TASK STATEMENT
Set down exactly the lines below, starting at the one that contains "cutting board: x=0.599" and ending at the one that contains "Action: fit one 3D cuboid using the image.", with both of those lines included and nothing else.

Excerpts from a dataset:
'''
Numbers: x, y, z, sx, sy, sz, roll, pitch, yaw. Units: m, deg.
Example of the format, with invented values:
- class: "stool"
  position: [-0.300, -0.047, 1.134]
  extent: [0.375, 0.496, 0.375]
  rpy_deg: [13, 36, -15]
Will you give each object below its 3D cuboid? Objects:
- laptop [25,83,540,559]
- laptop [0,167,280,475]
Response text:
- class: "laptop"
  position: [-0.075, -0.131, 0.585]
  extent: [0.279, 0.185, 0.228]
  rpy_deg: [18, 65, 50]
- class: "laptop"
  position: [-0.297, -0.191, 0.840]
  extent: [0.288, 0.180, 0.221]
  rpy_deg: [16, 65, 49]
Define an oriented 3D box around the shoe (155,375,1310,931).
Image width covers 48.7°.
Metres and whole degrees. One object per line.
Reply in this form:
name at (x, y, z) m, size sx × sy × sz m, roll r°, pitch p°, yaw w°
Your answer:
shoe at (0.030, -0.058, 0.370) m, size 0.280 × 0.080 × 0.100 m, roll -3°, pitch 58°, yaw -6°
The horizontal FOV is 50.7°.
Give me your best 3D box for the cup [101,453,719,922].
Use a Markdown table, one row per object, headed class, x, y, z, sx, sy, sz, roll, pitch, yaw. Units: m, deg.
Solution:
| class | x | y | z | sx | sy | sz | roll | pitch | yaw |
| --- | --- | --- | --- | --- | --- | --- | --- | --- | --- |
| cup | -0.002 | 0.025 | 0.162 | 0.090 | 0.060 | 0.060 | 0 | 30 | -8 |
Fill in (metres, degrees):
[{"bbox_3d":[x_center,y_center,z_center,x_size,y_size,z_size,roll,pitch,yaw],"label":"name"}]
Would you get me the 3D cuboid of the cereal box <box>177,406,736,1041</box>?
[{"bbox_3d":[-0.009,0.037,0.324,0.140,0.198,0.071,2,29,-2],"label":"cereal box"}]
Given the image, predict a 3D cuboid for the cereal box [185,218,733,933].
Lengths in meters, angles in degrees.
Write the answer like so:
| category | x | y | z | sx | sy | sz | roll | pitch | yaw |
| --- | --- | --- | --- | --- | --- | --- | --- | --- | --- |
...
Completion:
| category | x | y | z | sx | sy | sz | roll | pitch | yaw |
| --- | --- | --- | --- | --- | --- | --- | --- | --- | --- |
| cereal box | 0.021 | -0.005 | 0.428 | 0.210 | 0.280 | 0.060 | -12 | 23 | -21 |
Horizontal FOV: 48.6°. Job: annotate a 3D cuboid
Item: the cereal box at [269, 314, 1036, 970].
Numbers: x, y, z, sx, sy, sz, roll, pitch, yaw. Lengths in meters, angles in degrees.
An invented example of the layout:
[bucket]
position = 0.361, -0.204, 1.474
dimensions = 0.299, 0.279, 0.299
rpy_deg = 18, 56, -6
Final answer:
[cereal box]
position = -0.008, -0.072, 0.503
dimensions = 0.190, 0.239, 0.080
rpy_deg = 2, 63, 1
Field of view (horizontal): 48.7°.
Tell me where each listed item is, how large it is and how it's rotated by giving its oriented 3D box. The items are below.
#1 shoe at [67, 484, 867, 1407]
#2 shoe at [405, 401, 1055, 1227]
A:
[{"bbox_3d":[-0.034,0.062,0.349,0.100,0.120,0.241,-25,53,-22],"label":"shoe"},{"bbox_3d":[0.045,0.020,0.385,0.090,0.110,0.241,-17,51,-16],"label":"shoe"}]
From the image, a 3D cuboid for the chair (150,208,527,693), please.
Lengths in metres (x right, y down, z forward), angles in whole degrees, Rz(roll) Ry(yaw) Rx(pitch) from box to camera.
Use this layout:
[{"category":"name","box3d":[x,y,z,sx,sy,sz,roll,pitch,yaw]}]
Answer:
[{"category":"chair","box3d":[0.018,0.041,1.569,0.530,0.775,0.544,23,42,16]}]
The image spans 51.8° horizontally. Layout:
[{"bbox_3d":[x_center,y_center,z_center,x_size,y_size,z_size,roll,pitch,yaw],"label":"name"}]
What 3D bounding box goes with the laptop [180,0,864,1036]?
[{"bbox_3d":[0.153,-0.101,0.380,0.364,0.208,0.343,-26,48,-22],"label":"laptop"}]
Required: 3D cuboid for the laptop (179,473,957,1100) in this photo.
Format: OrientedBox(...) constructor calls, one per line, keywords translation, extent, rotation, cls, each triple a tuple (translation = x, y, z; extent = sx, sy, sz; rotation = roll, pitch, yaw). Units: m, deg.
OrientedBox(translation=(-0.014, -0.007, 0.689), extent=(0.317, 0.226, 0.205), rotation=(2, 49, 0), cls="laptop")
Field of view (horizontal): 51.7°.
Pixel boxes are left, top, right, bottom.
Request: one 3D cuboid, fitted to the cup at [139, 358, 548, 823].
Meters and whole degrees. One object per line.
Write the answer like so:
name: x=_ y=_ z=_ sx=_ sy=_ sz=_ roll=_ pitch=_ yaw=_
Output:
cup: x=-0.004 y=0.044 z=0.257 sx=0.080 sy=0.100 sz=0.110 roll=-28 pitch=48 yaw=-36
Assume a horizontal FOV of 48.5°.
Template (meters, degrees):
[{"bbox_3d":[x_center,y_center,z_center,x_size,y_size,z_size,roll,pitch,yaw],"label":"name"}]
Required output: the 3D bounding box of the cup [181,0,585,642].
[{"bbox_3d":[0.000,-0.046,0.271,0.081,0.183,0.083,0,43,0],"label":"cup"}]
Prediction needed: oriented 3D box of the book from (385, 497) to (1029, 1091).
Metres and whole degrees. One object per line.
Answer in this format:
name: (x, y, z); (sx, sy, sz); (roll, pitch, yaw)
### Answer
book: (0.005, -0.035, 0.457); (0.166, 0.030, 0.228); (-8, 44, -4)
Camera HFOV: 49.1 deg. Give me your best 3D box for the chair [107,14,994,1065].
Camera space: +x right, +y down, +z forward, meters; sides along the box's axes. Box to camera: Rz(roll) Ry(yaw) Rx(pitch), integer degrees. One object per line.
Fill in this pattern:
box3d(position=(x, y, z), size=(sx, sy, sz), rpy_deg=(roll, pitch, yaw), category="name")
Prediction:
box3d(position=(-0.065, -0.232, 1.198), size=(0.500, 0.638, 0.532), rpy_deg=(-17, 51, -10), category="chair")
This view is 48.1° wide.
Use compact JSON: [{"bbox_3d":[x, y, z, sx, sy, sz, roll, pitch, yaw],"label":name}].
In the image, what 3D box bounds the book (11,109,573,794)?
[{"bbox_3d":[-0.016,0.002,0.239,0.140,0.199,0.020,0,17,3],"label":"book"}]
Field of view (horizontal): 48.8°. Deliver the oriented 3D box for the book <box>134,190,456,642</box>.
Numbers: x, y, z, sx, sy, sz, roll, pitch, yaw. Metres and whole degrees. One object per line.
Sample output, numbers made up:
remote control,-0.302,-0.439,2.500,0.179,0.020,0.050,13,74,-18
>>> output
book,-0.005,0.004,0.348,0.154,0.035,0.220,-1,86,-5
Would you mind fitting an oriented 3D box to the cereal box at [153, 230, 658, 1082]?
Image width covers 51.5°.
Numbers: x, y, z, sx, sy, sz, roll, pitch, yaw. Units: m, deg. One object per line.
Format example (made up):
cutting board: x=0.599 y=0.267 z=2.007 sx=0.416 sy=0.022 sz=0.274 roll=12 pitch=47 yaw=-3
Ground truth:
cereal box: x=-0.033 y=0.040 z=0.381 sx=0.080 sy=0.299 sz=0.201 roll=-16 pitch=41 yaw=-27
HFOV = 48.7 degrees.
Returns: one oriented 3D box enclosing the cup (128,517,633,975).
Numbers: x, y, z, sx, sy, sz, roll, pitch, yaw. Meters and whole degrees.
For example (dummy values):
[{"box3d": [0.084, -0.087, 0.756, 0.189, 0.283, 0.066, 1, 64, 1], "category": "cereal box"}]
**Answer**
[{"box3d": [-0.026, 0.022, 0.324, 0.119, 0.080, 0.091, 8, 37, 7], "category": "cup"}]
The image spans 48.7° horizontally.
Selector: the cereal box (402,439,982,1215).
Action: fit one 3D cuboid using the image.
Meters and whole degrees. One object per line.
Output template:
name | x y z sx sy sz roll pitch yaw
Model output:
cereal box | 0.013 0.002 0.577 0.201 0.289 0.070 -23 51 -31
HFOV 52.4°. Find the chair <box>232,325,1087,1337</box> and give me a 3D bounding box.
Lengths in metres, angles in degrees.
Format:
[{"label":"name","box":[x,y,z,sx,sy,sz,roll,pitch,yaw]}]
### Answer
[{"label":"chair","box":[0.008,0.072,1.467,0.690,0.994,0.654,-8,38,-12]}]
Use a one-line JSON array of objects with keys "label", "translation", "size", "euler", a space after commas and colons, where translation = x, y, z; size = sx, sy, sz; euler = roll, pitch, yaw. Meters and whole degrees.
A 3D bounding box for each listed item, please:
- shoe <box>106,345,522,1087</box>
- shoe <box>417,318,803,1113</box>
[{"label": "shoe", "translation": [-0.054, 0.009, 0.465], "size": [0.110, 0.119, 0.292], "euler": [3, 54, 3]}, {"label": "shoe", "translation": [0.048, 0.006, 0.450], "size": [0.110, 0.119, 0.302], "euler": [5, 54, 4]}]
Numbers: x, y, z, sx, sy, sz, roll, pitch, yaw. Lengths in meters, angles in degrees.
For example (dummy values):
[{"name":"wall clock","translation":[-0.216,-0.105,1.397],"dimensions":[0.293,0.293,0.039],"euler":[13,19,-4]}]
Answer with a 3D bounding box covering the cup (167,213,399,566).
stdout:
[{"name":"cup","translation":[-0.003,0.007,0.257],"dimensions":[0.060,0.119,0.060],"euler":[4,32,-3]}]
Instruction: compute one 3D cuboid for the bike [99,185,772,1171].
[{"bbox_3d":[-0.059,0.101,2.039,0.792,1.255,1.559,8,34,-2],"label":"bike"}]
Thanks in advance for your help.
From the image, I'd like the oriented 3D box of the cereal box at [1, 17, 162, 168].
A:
'''
EXERCISE RESPONSE
cutting board: x=0.599 y=0.267 z=2.007 sx=0.416 sy=0.022 sz=0.274 roll=12 pitch=47 yaw=-3
Ground truth:
cereal box: x=-0.033 y=0.040 z=0.381 sx=0.080 sy=0.299 sz=0.201 roll=-16 pitch=41 yaw=-27
HFOV = 48.7 degrees.
Returns: one oriented 3D box enclosing the cup (128,517,633,975).
Numbers: x, y, z, sx, sy, sz, roll, pitch, yaw. Meters and whole degrees.
For example (dummy values):
[{"box3d": [0.084, -0.087, 0.756, 0.189, 0.283, 0.066, 1, 64, 1], "category": "cereal box"}]
**Answer**
[{"box3d": [-0.026, 0.022, 0.324, 0.119, 0.080, 0.091, 8, 37, 7], "category": "cup"}]
The image spans 48.7° horizontally.
Selector: the cereal box (402,439,982,1215).
Action: fit one 3D cuboid using the image.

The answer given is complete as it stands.